Column | Type | Modifiers | Storage | Stats target | Description
--------------------------------------------------------------+------------------------+-----------+----------+--------------+-------------
NPI | character varying(255) | | extended | |
Entity Type Code | character varying(255) | | extended | |
Replacement NPI | character varying(255) | | extended | |
Employer Identification Number (EIN) | character varying(255) | | extended | |
Provider Organization Name (Legal Business Name) | character varying(255) | | extended | |
Provider Last Name (Legal Name) | character varying(255) | | extended | |
Provider First Name | character varying(255) | | extended | |
Provider Middle Name | character varying(255) | | extended | |
Provider Name Prefix Text | character varying(255) | | extended | |
Provider Name Suffix Text | character varying(255) | | extended | |
Provider Credential Text | character varying(255) | | extended | |
Provider Other Organization Name | character varying(255) | | extended | |
Provider Other Organization Name Type Code | character varying(255) | | extended | |
Provider Other Last Name | character varying(255) | | extended | |
Provider Other First Name | character varying(255) | | extended | |
Provider Other Middle Name | character varying(255) | | extended | |
Provider Other Name Prefix Text | character varying(255) | | extended | |
Provider Other Name Suffix Text | character varying(255) | | extended | |
Provider Other Credential Text | character varying(255) | | extended | |
Provider Other Last Name Type Code | character varying(255) | | extended | |
g(255) | | extended | |
Provider Second Line Business Mailing Address | character varying(255) | | extended | |
Provider Business Mailing Address City Name | character varying(255) | | extended | |
Provider Business Mailing Address State Name | character varying(255) | | extended | |
Provider Business Mailing Address Postal Code | character varying(255) | | extended | . . . . other columns not really needed.
感谢!!!!
答案 0 :(得分:1)
这应该相对简单。
假设NPI在doc和referred中实际上具有相同的长度,您可以非常轻松地加入这些表:
SELECT ad."Provider Business Mailing Address Postal Code" as a_zip,
bd."Provider Business Mailing Address Postal Code" as b_zip,
r."count"
FROM referred r
LEFT JOIN doc ad ON r."from" = ad."NPI"
LEFT JOIN doc bd ON r."from" = bd."NPI";
显然,请根据对数据中NPI和from / to字段的仔细分析来调整此联接。

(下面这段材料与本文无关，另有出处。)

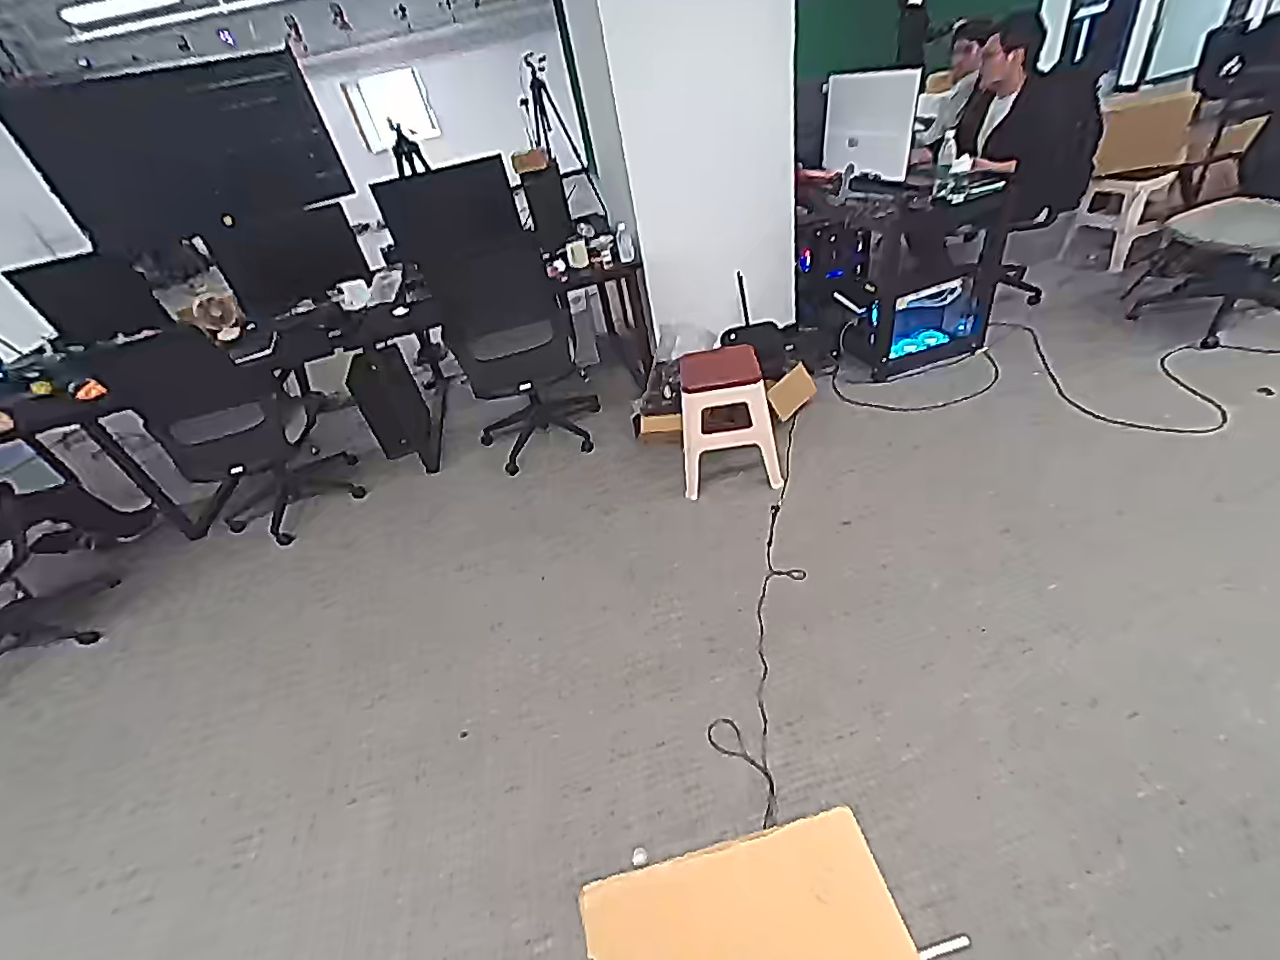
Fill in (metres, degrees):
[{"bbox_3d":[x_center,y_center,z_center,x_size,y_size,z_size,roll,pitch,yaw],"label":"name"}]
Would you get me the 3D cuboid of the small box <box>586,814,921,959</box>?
[{"bbox_3d":[0.072,0.335,0.332,0.179,0.176,0.168,-12,48,-9],"label":"small box"}]
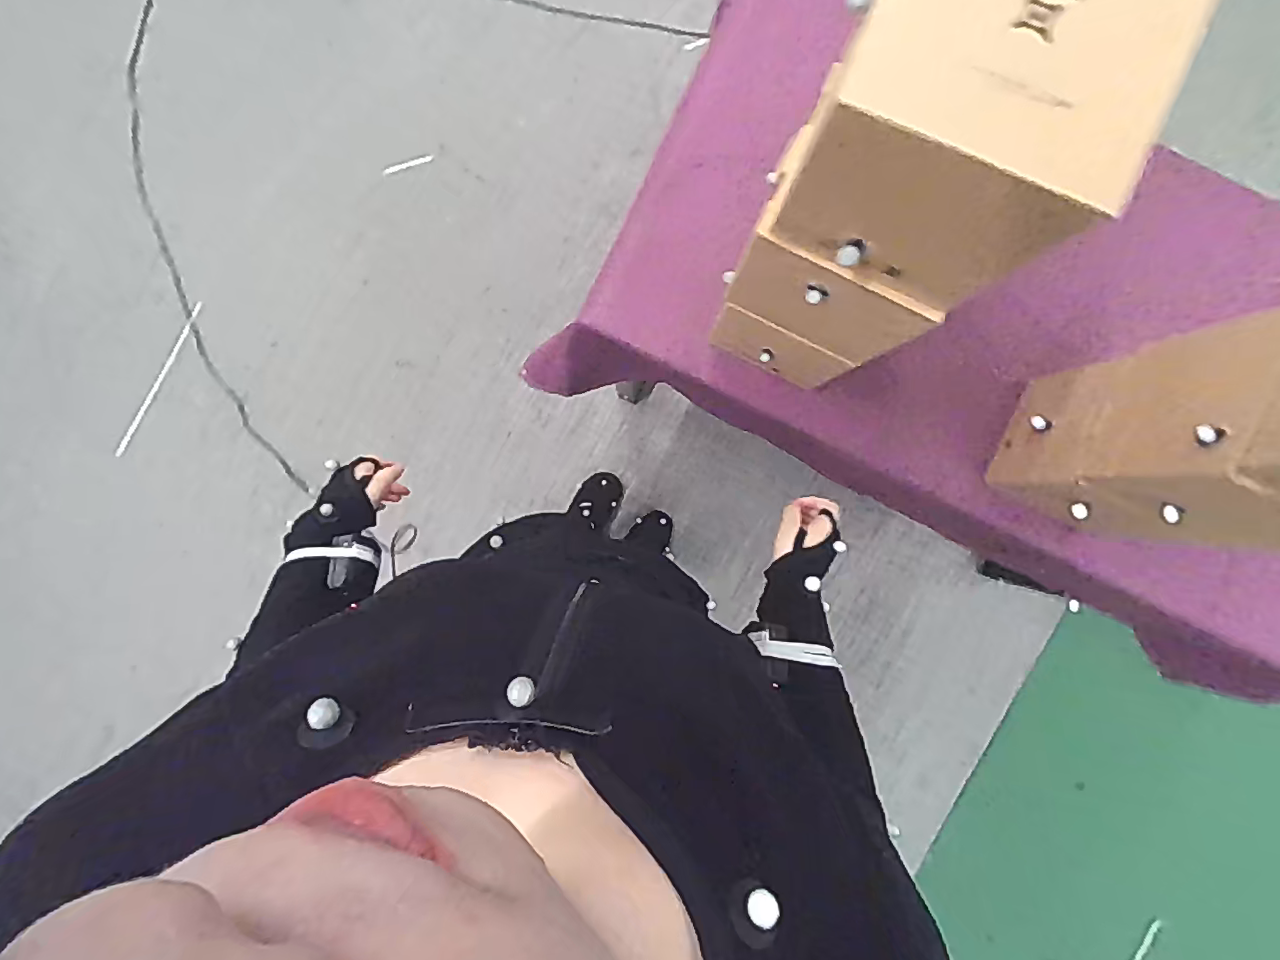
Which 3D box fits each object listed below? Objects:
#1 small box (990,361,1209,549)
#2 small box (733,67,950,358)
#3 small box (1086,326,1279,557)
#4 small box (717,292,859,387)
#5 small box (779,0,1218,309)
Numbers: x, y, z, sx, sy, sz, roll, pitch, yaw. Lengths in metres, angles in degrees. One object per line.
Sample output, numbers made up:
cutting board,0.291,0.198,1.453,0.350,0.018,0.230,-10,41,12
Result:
small box,0.605,-0.027,0.698,0.179,0.176,0.168,26,90,1
small box,0.211,-0.240,0.533,0.179,0.176,0.168,27,90,-1
small box,0.606,-0.035,0.535,0.168,0.176,0.179,28,90,0
small box,0.212,-0.239,0.698,0.168,0.176,0.179,27,90,-1
small box,0.215,-0.249,0.370,0.168,0.176,0.179,25,90,1
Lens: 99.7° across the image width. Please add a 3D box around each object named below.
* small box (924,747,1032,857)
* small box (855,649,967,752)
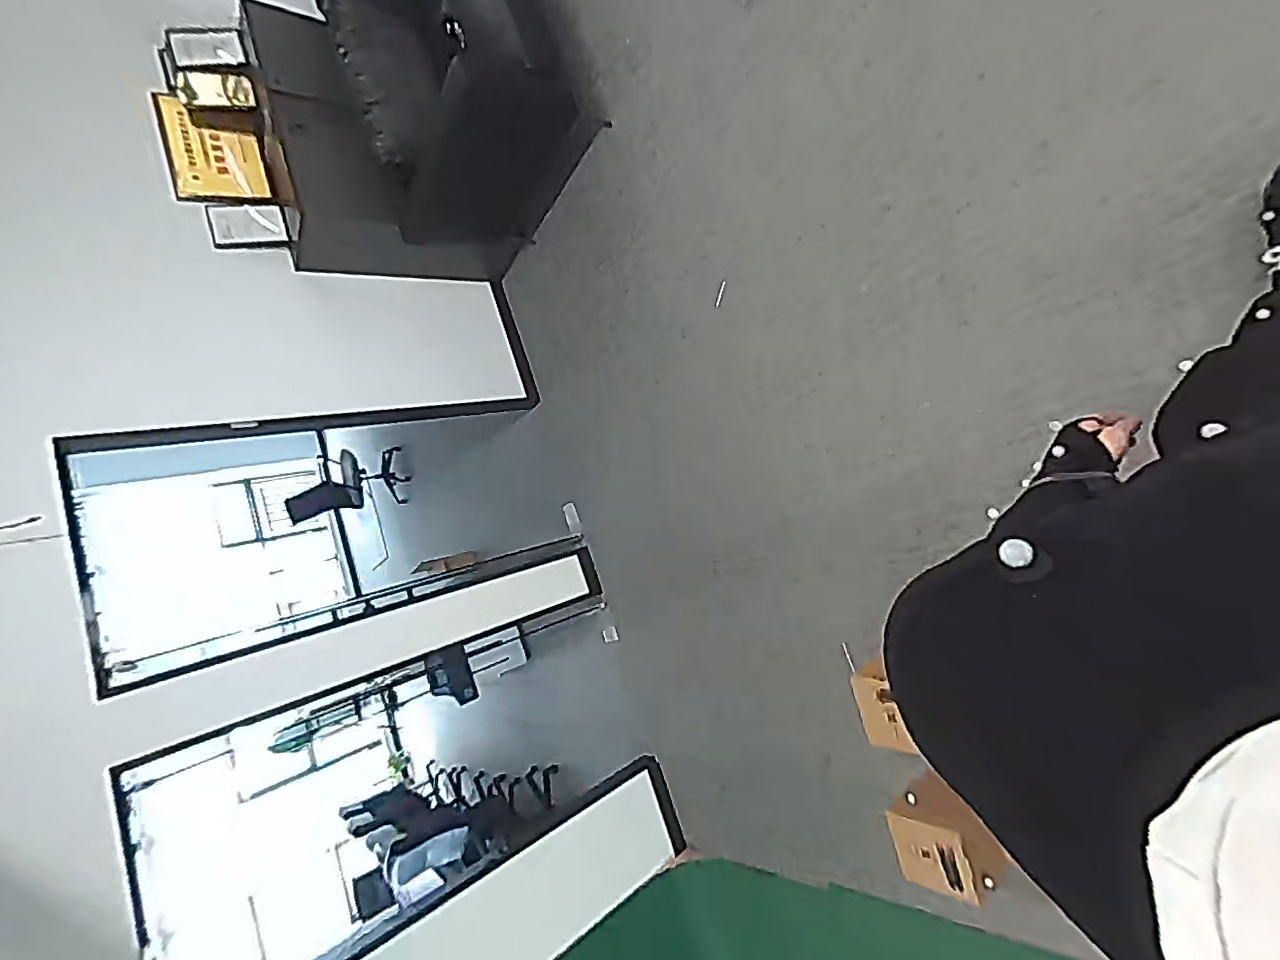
[{"bbox_3d":[0.876,0.816,1.392,0.179,0.176,0.168,-20,83,53],"label":"small box"},{"bbox_3d":[0.661,0.524,1.318,0.168,0.176,0.179,-18,86,52],"label":"small box"}]
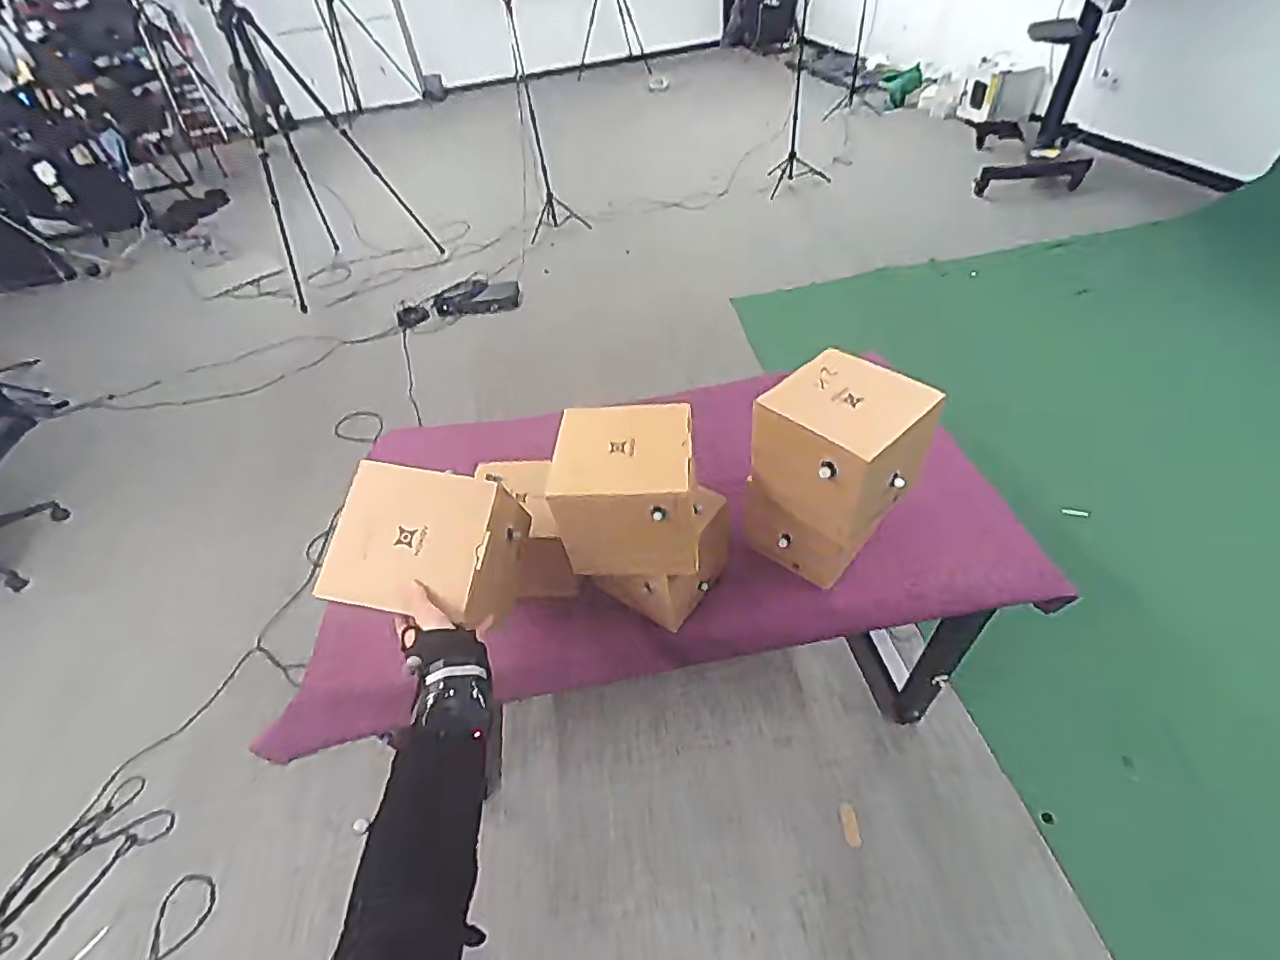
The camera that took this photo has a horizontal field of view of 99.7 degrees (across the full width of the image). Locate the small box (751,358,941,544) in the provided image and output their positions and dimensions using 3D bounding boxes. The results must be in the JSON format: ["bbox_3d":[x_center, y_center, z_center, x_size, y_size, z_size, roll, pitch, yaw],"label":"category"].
[{"bbox_3d":[0.275,-0.036,0.754,0.168,0.176,0.179,-34,49,-24],"label":"small box"}]

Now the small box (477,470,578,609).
[{"bbox_3d":[-0.199,0.104,0.928,0.179,0.176,0.168,6,48,8],"label":"small box"}]

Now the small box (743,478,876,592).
[{"bbox_3d":[0.289,0.052,0.898,0.168,0.176,0.179,30,57,33],"label":"small box"}]

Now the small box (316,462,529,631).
[{"bbox_3d":[-0.255,0.094,0.686,0.179,0.176,0.168,9,72,5],"label":"small box"}]

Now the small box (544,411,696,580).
[{"bbox_3d":[-0.015,0.025,0.741,0.179,0.176,0.168,-2,46,6],"label":"small box"}]

如有必要,在联接中添加trim或left方法调用 - 最重要的是JOIN条件是可比数据。
现在,从这个到原始查询找到距离是微不足道的:
SELECT ad."Provider Business Mailing Address Postal Code" as a_zip,
bd."Provider Business Mailing Address Postal Code" as b_zip,
r."count",
ST_Distance(az.geom,bz.geom) As thedistance
FROM referred r
LEFT JOIN doc ad ON r."from" = ad."NPI"
LEFT JOIN doc bd ON r."from" = bd."NPI"
LEFT JOIN zctas az
ON az.zcta = left(ad."Provider Business Mailing Address Postal Code",5)
LEFT JOIN zctas bz
ON bz.zcta = left(bd."Provider Business Mailing Address Postal Code",5)
这只是一种应该有效的结构,其他许多都是可行的。这种特殊结构将确保表示referred中的每个条目,即使NPI与doc表中的条目不匹配,或者邮政编码无法匹配zctas表。
另一方面,如果NPI表中doc存在多个条目,那么提及此重复referred的任何NPI条目也将是复制。
同样,如果特定邮政编码(zctas)的zcta条目中有多个条目,您会看到重复的referred行。
这就是LEFT JOIN的工作方式,但我认为值得加入警告,因为提供商数据通常与NPI完全重复,并且邮政编码列表中的邮政编码通常是重复的邮政编码跨国界线。